Paying migrant workers – employers who get it wrong

Posted by Lisa Qiu on 28 Oct 2016

Assisted by Madison Nixon

The Fair Work Ombudsman (FWO) recently announced its intention to become more accessible to visa-holders from non-English speaking backgrounds who may be more vulnerable to underpayment or unaware of their workplace rights. The FWO has begun cracking down on employers, forcing them to fork out thousands of dollars in back-pay and penalty fines for underpaying workers.

In a recent incident, a farm in Queensland has landed itself in trouble for underpaying 93 Korean backpackers more than $16,000 for work sorting and packing carrots. 

The workers were entitled to a minimum wage of $21.61 under the 2010 Horticulture Award however they were paid only $21.08 as a flat rate or occasionally piece-rates for the amount of product sorted. The employer was unaware of their obligation to have made a written piecework agreement at that rate with its employees prior to their employment commencing. 

This confusion could have caused a hefty penalty from the FWO however the company was quick to sign an enforceable undertaking that they would back-pay the employees, send letters of apology and take steps to educate itself of its obligations.  

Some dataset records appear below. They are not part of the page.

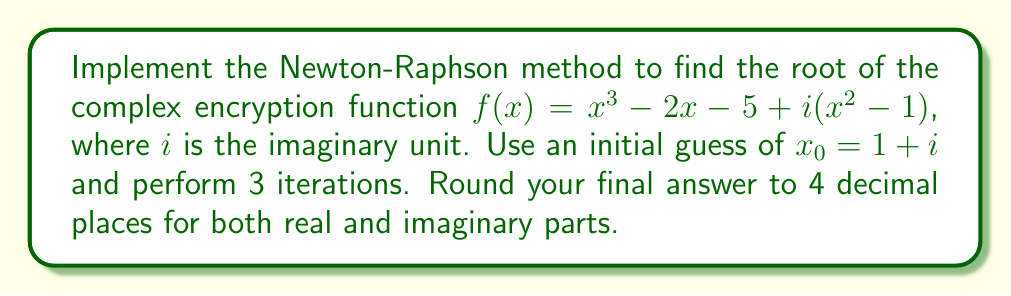Teach me how to tackle this problem. To implement the Newton-Raphson method for a complex function, we use the formula:

$$x_{n+1} = x_n - \frac{f(x_n)}{f'(x_n)}$$

where $f'(x)$ is the derivative of $f(x)$.

Step 1: Calculate $f'(x)$
$f'(x) = 3x^2 - 2 + i(2x)$

Step 2: Implement the Newton-Raphson method
Starting with $x_0 = 1 + i$, we'll perform 3 iterations:

Iteration 1:
$f(x_0) = (1+i)^3 - 2(1+i) - 5 + i((1+i)^2 - 1) = -3 + 2i$
$f'(x_0) = 3(1+i)^2 - 2 + i(2(1+i)) = 4 + 6i$

$$x_1 = (1+i) - \frac{-3 + 2i}{4 + 6i} = 1.4 + 0.8i$$

Iteration 2:
$f(x_1) = (1.4+0.8i)^3 - 2(1.4+0.8i) - 5 + i((1.4+0.8i)^2 - 1) = -0.664 + 0.688i$
$f'(x_1) = 3(1.4+0.8i)^2 - 2 + i(2(1.4+0.8i)) = 5.12 + 6.72i$

$$x_2 = (1.4+0.8i) - \frac{-0.664 + 0.688i}{5.12 + 6.72i} = 1.5306 + 0.6474i$$

Iteration 3:
$f(x_2) = (1.5306+0.6474i)^3 - 2(1.5306+0.6474i) - 5 + i((1.5306+0.6474i)^2 - 1) = -0.0187 + 0.0305i$
$f'(x_2) = 3(1.5306+0.6474i)^2 - 2 + i(2(1.5306+0.6474i)) = 5.5909 + 6.0175i$

$$x_3 = (1.5306+0.6474i) - \frac{-0.0187 + 0.0305i}{5.5909 + 6.0175i} = 1.5321 + 0.6425i$$

Step 3: Round the final result to 4 decimal places
$x_3 \approx 1.5321 + 0.6425i$
Answer: $1.5321 + 0.6425i$

However, innocent confusion among employers about their workplace obligations is not the only situation in which underpayment occurs. Another recent matter has led to the FWO describing a Queensland strawberry farm as “exploiting” workers on Holiday visas by underpaying them, despite previously being put on notice. 

Six workers on this farm were under-paid by $2,601 over a short two-week period, a somewhat minor infraction. However, as the company had previously been in hot water in 2013 for the same issue, the FWO didn’t hold back its punishment.  Both of the company’s Directors were individually found liable for $6,400 while the company itself copped a further fine of $56,000.

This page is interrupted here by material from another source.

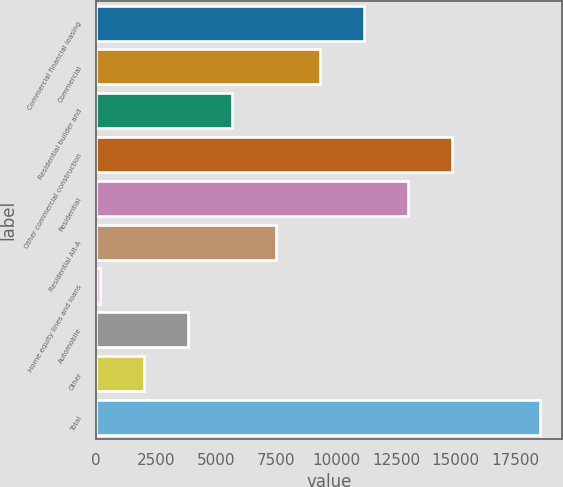Convert chart. <chart><loc_0><loc_0><loc_500><loc_500><bar_chart><fcel>Commercial financial leasing<fcel>Commercial<fcel>Residential builder and<fcel>Other commercial construction<fcel>Residential<fcel>Residential Alt-A<fcel>Home equity lines and loans<fcel>Automobile<fcel>Other<fcel>Total<nl><fcel>11183.6<fcel>9349.5<fcel>5681.3<fcel>14851.8<fcel>13017.7<fcel>7515.4<fcel>179<fcel>3847.2<fcel>2013.1<fcel>18520<nl></chart>

In a similar incident in the Northern Territory, the Federal Court stepped in to penalise a computer service company which sponsored its workers under 457 skilled visas. The case, Minister for Immigration and Border Protection v Hallmark Computer Pty Ltd [2016] FCA 678, involved a company Director who was found to have lied to the court and investigators about the conduct of his company which consistently underpaid its employees for overtime hours which they were forced to work. The company also forced workers to repay a portion of their wages and threatened them with the loss of their jobs if they complained. 

The court made note that employers must be mindful of the number of hours employees work, as well as the minimum penalties for overtime work. The company was hit with a $430,000 fine whilst the Director was personally liable for $86,000. 

These cases illustrate the importance of being aware of your obligations as an employer, particularly as the court and FWO may fine Directors personally if they fail to comply with employment legislation. 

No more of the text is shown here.